One paper One week: When RNA self-regulates

This blog is based on the paper titled “Mutual feedback regulation between Poly(A)-specific” (Kyritsis et al., 2026); however, this paper did not have a graphical abstract that summarizes the findings, so I used a graphical abstract from another paper by Shukla et al. (2019) that summarizes "the gist" of the paper: PARN regulates miRNA stability but it is itself regulated by specific miRNAs.

This framework complements the findings discussed this week, where PARN not only regulates miRNA maturation (e.g., miR-29a, miR-1207) but is itself regulated by these miRNAs, forming a feedback loop that extends this model from linear control to dynamic, bidirectional regulation.

Adapted from Shukla et al., 2019, Molecular Cell.

ribonuclease (PARN) and cognate microRNAs

We often learn about gene regulation as part of the central dogma of the cell: DNA → RNA → protein.

This paper challenges that simplicity.

It shows that RNA doesn’t only carry information; it is self-regulating through dynamic, feedback interactions.

Meet the system: PARN and microRNAs

At the center of this study is PARN, a deadenylase enzyme that shortens a stretch of adenine nucleotides, or poly(A) tails (Zhang et al., 2015), and microRNAs (miRNAs), short RNAs that tune gene expression by silencing target transcripts.

Individually, both are well studied. But together, they form something intriguing.

Not a pathway: a loop

The core discovery is a bidirectional regulatory relationship.

PARN binds to specific primary microRNAs, particularly miR-29a, and alters their poly(A) tail length. This directly impacts their stability and maturation (Dehlin et al., 2000), placing PARN at an early step in microRNA biogenesis.
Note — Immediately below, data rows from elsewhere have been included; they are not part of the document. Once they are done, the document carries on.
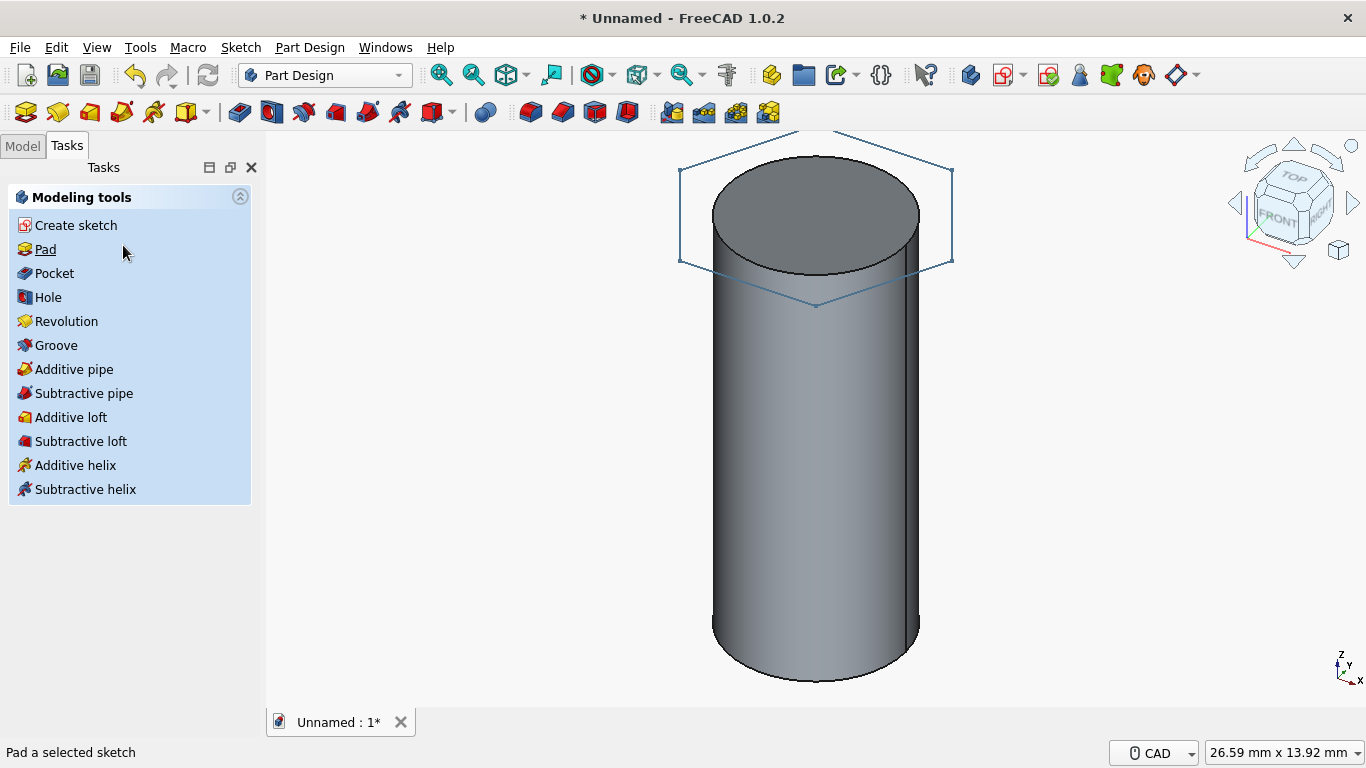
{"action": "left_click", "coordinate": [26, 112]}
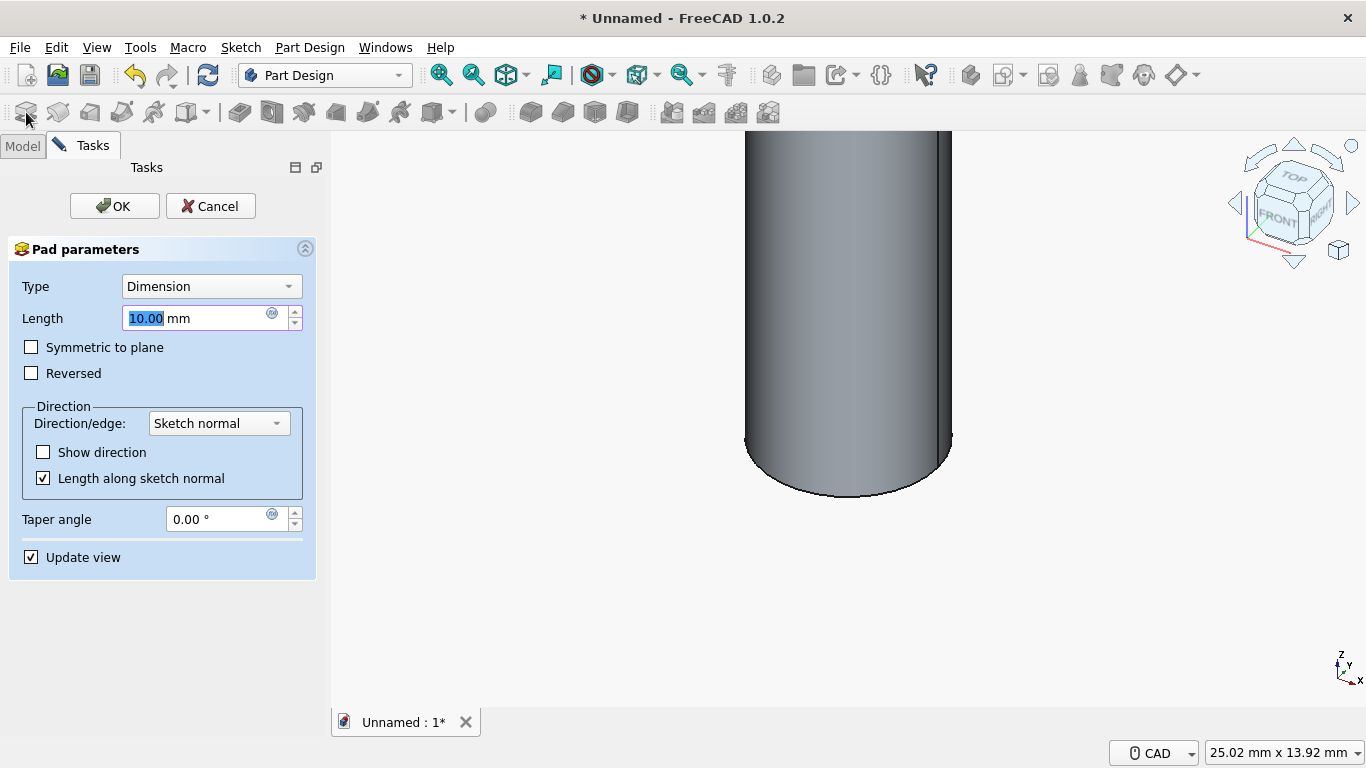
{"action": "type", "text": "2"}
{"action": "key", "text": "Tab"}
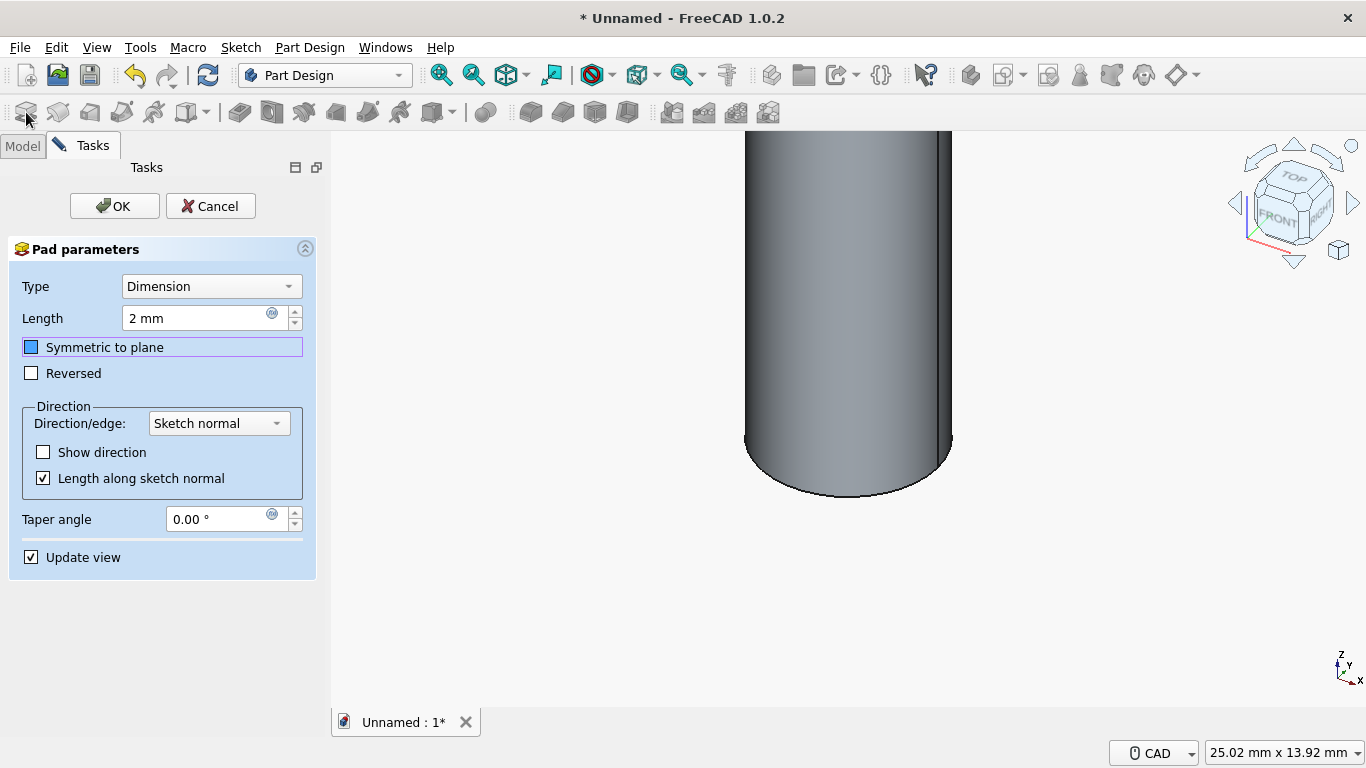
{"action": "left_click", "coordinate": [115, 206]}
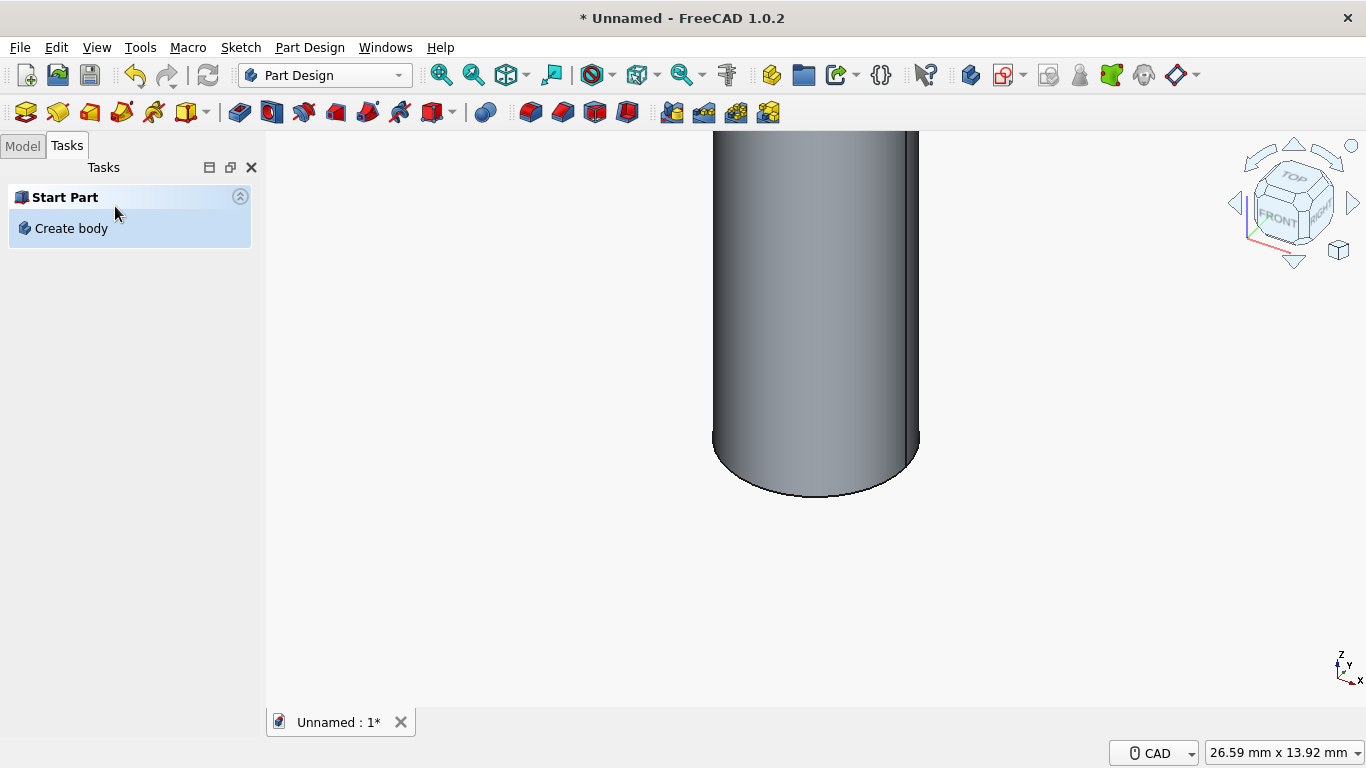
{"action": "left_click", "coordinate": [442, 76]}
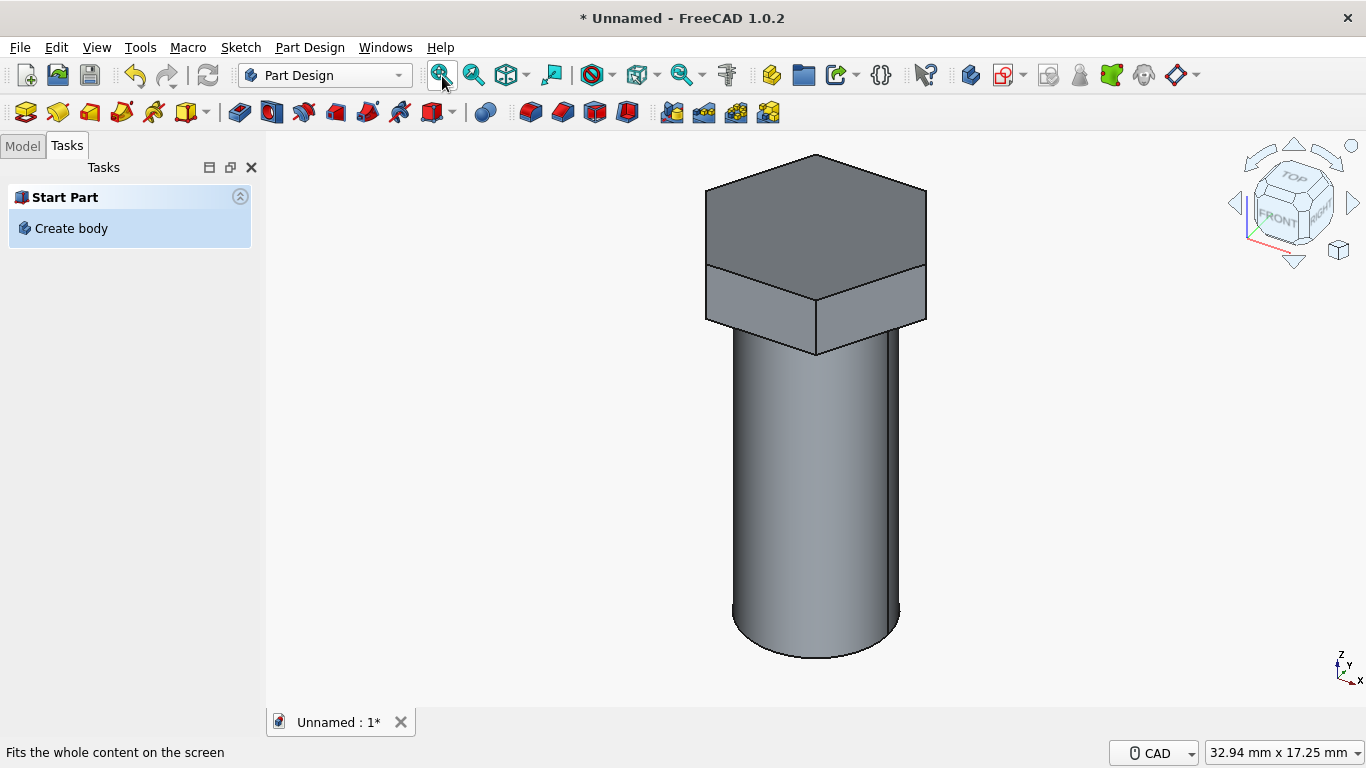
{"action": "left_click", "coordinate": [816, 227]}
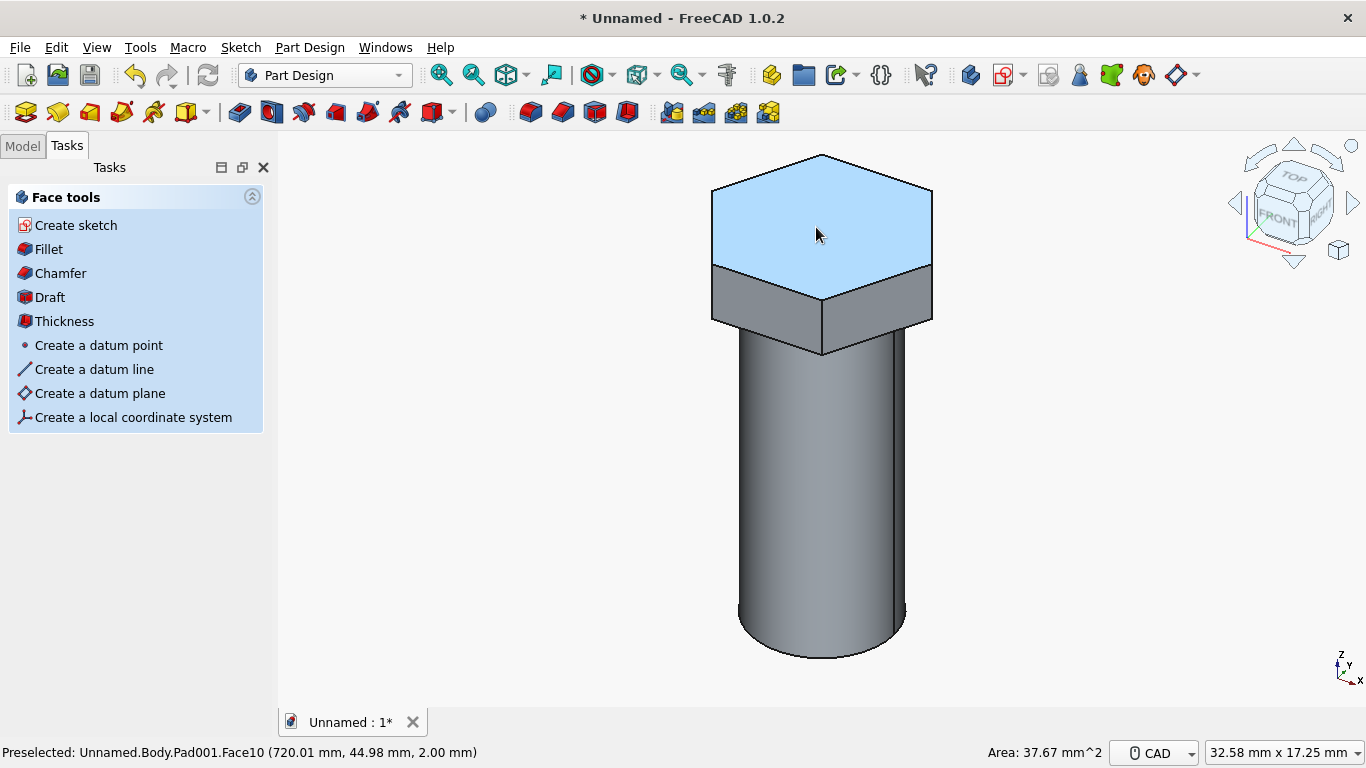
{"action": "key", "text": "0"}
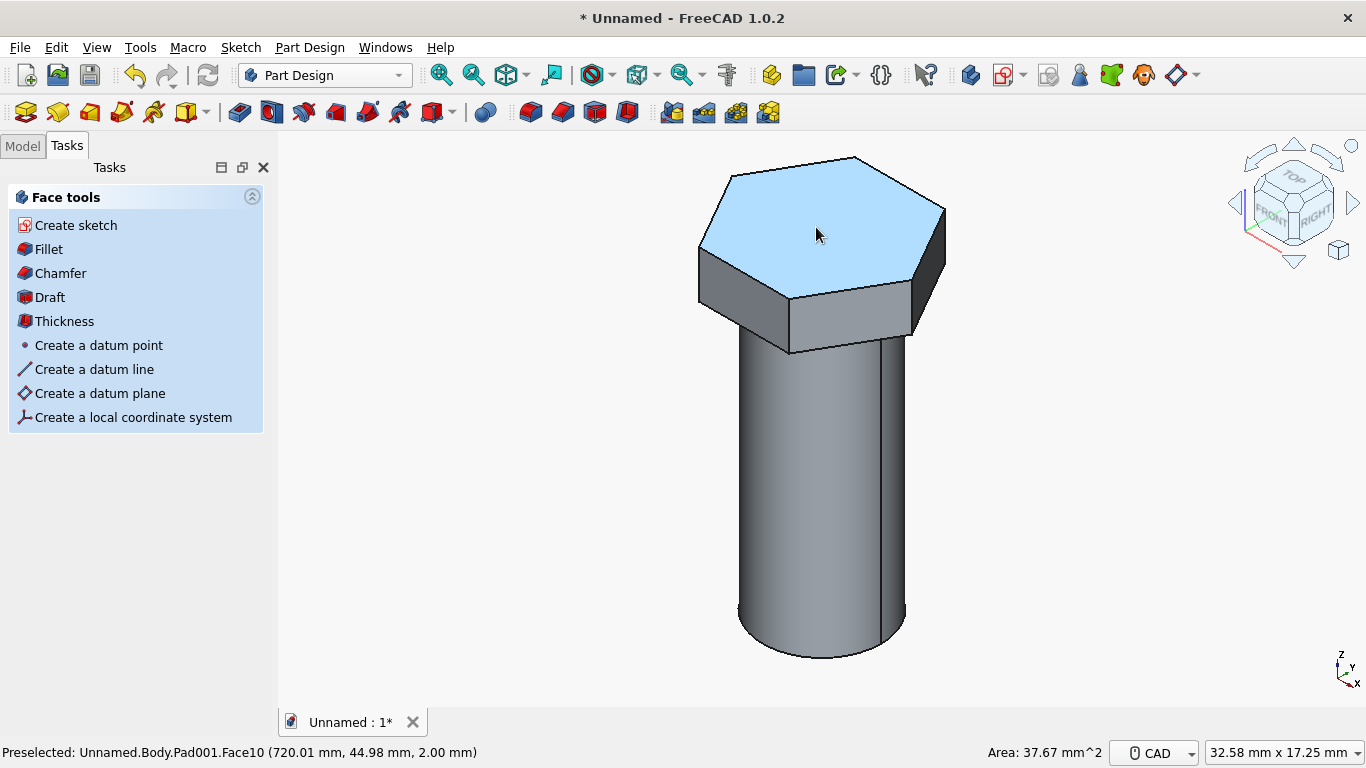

But the regulation doesn’t stop there.

Those same microRNAs (miR-29a and miR-1207) target PARN mRNA, reducing its expression.

There’s a feedback loop:

• PARN regulates microRNA maturation

• microRNAs regulate PARN levels

And this loop is coordinated, in part, by CPSF6, which appears to recruit PARN to newly formed RNA transcripts.

Small changes, real consequences

The changes in microRNA levels are modest. This is expected.

MicroRNAs don’t act like switches; they act like dimmers, fine-tuning gene expression across networks. Subtle shifts can have meaningful biological effects.

From molecules to movement

The study connects this molecular loop to a clear cellular outcome: cell migration.

When PARN levels are reduced, microRNA levels rise, and cells become more mobile. When PARN is overexpressed, migration decreases.

This balance between PARN and microRNAs directly influences cell motility, a process central to cancer progression and metastasis.

The bigger picture

This work reframes how we think about regulation.

It’s not linear, but interconnected, dynamic, and self-regulating.

PARN emerges not just as an RNA-processing enzyme, but as a guardian of microRNA biogenesis, acting across multiple stages from early transcript processing to final maturation and turnover. More broadly, this study reminds us:

Biology isn’t built on straight lines, but on feedback and balance.

References: 

Dehlin, E., M. Wormington, C.G. Körner and E. Wahle. 2000. Cap-dependent

deadenylation of mRNA. The EMBO Journal. 19:1079-1086.

Kyritsis, A., R.A. Beta, D. Scutelnic, V. Stravokefalou, V. Del Vescovo, Z.V. Arsenopoulou, K. Papikinos, M. Grasso, F. Fontana, P. Moutopoulou, A. Tsiporis, M. Samiotaki, G. Panayotou, M.A. Denti, and N.A. Balatsos. 2026. Mutual feedback regulation between Poly(A)-specific ribonuclease (PARN) and cognate microRNAs. Life Sci Alliance. 9.

Shukla, S., G.A. Bjerke, D. Muhlrad, R. Yi, and R. Parker. 2019. The RNase PARN Controls the Levels of Specific miRNAs that Contribute to p53 Regulation. Mol. Cell. 73:1204-1216 e1204.

Zhang, X., E. Devany, M.R. Murphy, G. Glazman, M. Persaud, and F.E. Kleiman. 2015. PARN deadenylase is involved in miRNA-dependent degradation of TP53 mRNA in mammalian cells. Nucleic Acids Res. 43:10925-10938.